Tuesday 14 September 2010

A Clockwork Orange

This hugely popular 1971 movie from Stanley Kubrick is a great example of the genius of that director. Far from perfect, it is still obviously a particular kind of 'domestic' (rather than 2001's 'intergalactic') piece from one of the few English language directors who achived greatness (He comes close to the Chaplin, Welles, Hitchcock pantheon).
To get the criticisms out of the way first, the main problem with this film is that it is far too long. The last twenty minutes are frankly a waste of time, seeming there to make a sociological point. The slightly heavy handed sociological analysis and slightly tiresome humour are exacerbated here. The direction can occasionally seem a bit self-consciously 'weird', though this may be the fault of audience anticipation more than anything.
This film has thousands of philosophical fragments which many spend lifetimes picking over, but violence and language are perhaps the most interesting.
Kubrick's aestheticisation of violence is fascinating. In the first shot, indeed throughout, he dares us to identify with a character who commits vile acts. The harmony and beauty of the early violence is perhaps an attempt to make this identification easy, and it is an interesting (Haneke-esque) meditation on cinematic violence that is brought down later by more explicit scenes.

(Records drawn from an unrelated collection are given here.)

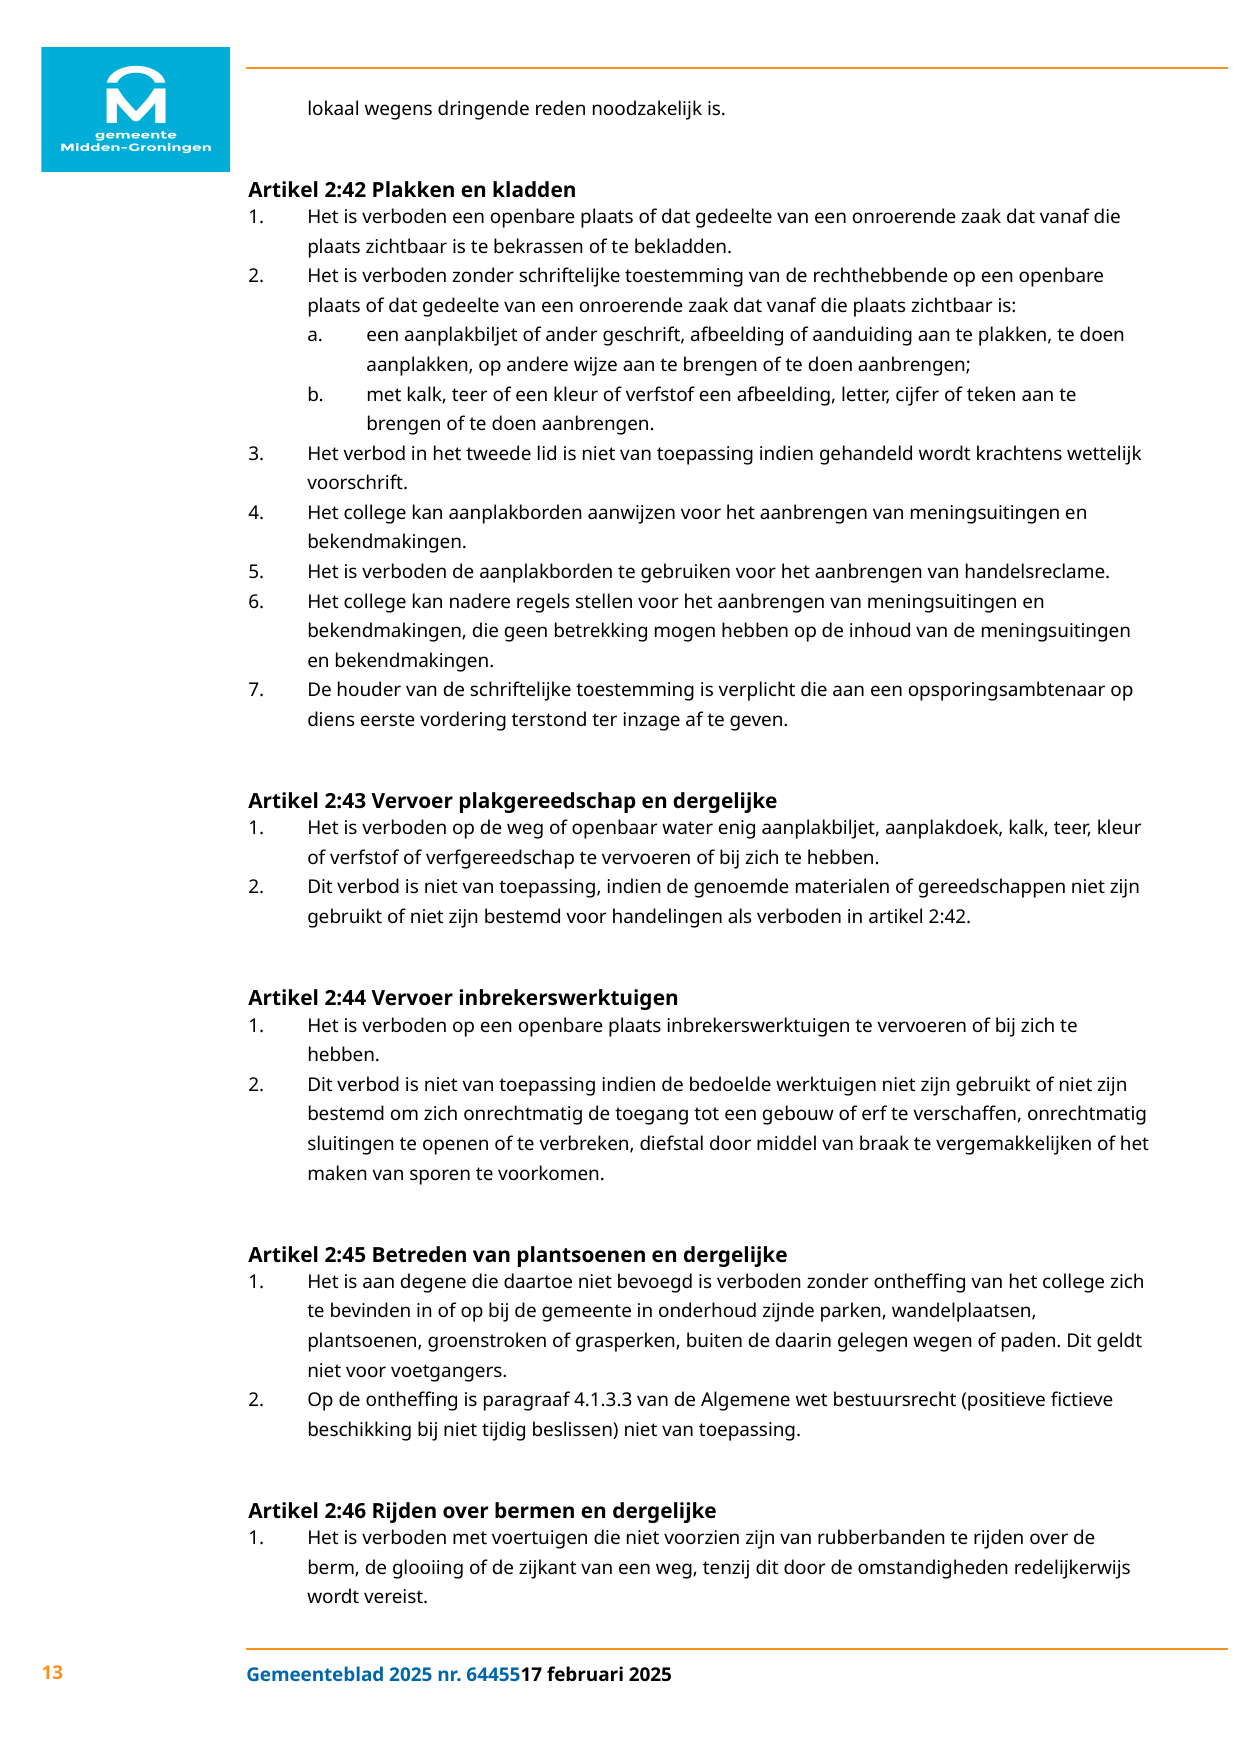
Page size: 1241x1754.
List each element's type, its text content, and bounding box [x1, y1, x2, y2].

list Het is aan degene die daartoe niet bevoegd is verboden zonder ontheffing van het college zich te bevinden in of op bij de gemeente in onderhoud zijnde parken, wandelplaatsen, plantsoenen, groenstroken of grasperken, buiten de daarin gelegen wegen of paden. Dit geldt niet voor voetgangers. [248, 1268, 1152, 1383]
list Het is verboden zonder schriftelijke toestemming van de rechthebbende op een openbare plaats of dat gedeelte van een onroerende zaak dat vanaf die plaats zichtbaar is: [248, 262, 1152, 318]
text Artikel 2:43 Vervoer plakgereedschap en dergelijke [248, 786, 1152, 814]
text Artikel 2:46 Rijden over bermen en dergelijke [248, 1496, 1152, 1524]
list lokaal wegens dringende reden noodzakelijk is. [248, 95, 1152, 121]
list Het college kan aanplakborden aanwijzen voor het aanbrengen van meningsuitingen en bekendmakingen. [248, 499, 1152, 554]
list Dit verbod is niet van toepassing indien de bedoelde werktuigen niet zijn gebruikt of niet zijn bestemd om zich onrechtmatig de toegang tot een gebouw of erf te verschaffen, onrechtmatig sluitingen te openen of te verbreken, diefstal door middel van braak te vergemakkelijken of het maken van sporen te voorkomen. [248, 1071, 1152, 1185]
list met kalk, teer of een kleur of verfstof een afbeelding, letter, cijfer of teken aan te brengen of te doen aanbrengen. [307, 381, 1152, 436]
list Op de ontheffing is paragraaf 4.1.3.3 van de Algemene wet bestuursrecht (positieve fictieve beschikking bij niet tijdig beslissen) niet van toepassing. [248, 1386, 1152, 1442]
list Het college kan nadere regels stellen voor het aanbrengen van meningsuitingen en bekendmakingen, die geen betrekking mogen hebben op de inhoud van de meningsuitingen en bekendmakingen. [248, 588, 1152, 673]
picture [108, 66, 164, 82]
list Het verbod in het tweede lid is niet van toepassing indien gehandeld wordt krachtens wettelijk voorschrift. [248, 440, 1152, 495]
list Het is verboden de aanplakborden te gebruiken voor het aanbrengen van handelsreclame. [248, 558, 1152, 584]
picture [107, 89, 165, 122]
list Het is verboden een openbare plaats of dat gedeelte van een onroerende zaak dat vanaf die plaats zichtbaar is te bekrassen of te bekladden. [248, 203, 1152, 258]
list Het is verboden op de weg of openbaar water enig aanplakbiljet, aanplakdoek, kalk, teer, kleur of verfstof of verfgereedschap te vervoeren of bij zich te hebben. [248, 814, 1152, 870]
list Het is verboden met voertuigen die niet voorzien zijn van rubberbanden te rijden over de berm, de glooiing of de zijkant van een weg, tenzij dit door de omstandigheden redelijkerwijs wordt vereist. [248, 1524, 1152, 1609]
text Artikel 2:44 Vervoer inbrekerswerktuigen [248, 983, 1152, 1012]
picture [184, 146, 190, 153]
list De houder van de schriftelijke toestemming is verplicht die aan een opsporingsambtenaar op diens eerste vordering terstond ter inzage af te geven. [248, 677, 1152, 732]
text Artikel 2:45 Betreden van plantsoenen en dergelijke [248, 1240, 1152, 1268]
list Dit verbod is niet van toepassing, indien de genoemde materialen of gereedschappen niet zijn gebruikt of niet zijn bestemd voor handelingen als verboden in artikel 2:42. [248, 874, 1152, 929]
list een aanplakbiljet of ander geschrift, afbeelding of aanduiding aan te plakken, te doen aanplakken, op andere wijze aan te brengen of te doen aanbrengen; [307, 322, 1152, 377]
list Het is verboden op een openbare plaats inbrekerswerktuigen te vervoeren of bij zich te hebben. [248, 1012, 1152, 1067]
text Artikel 2:42 Plakken en kladden [248, 175, 1152, 203]

Kubrick is perhaps the master of non-diagetic sound, and his diagetic sound (of which Bresson wins at, we argue) also fascinates. The tinny, airless empty room feel of the dialgoue is effective, and the sound affects, though a little 70's are beautifully timed. Burgess' script is wonderfully evoked, Kubrick uses the voiceover (espeically early on) very affectively to show the weird processes of alienation and smothering in language that occur.
Kubrick's style, using his warped lens, is very particular of an enclosed milleu. The montages and sexualised P.O.V. are of their time, but evoke an atmosphere well.
This is a weird film in that it is at once of its time, very strongly, but that doesn't really harm it. It does have its faults, but achieves first rate excellence in certain techincal and thematic features.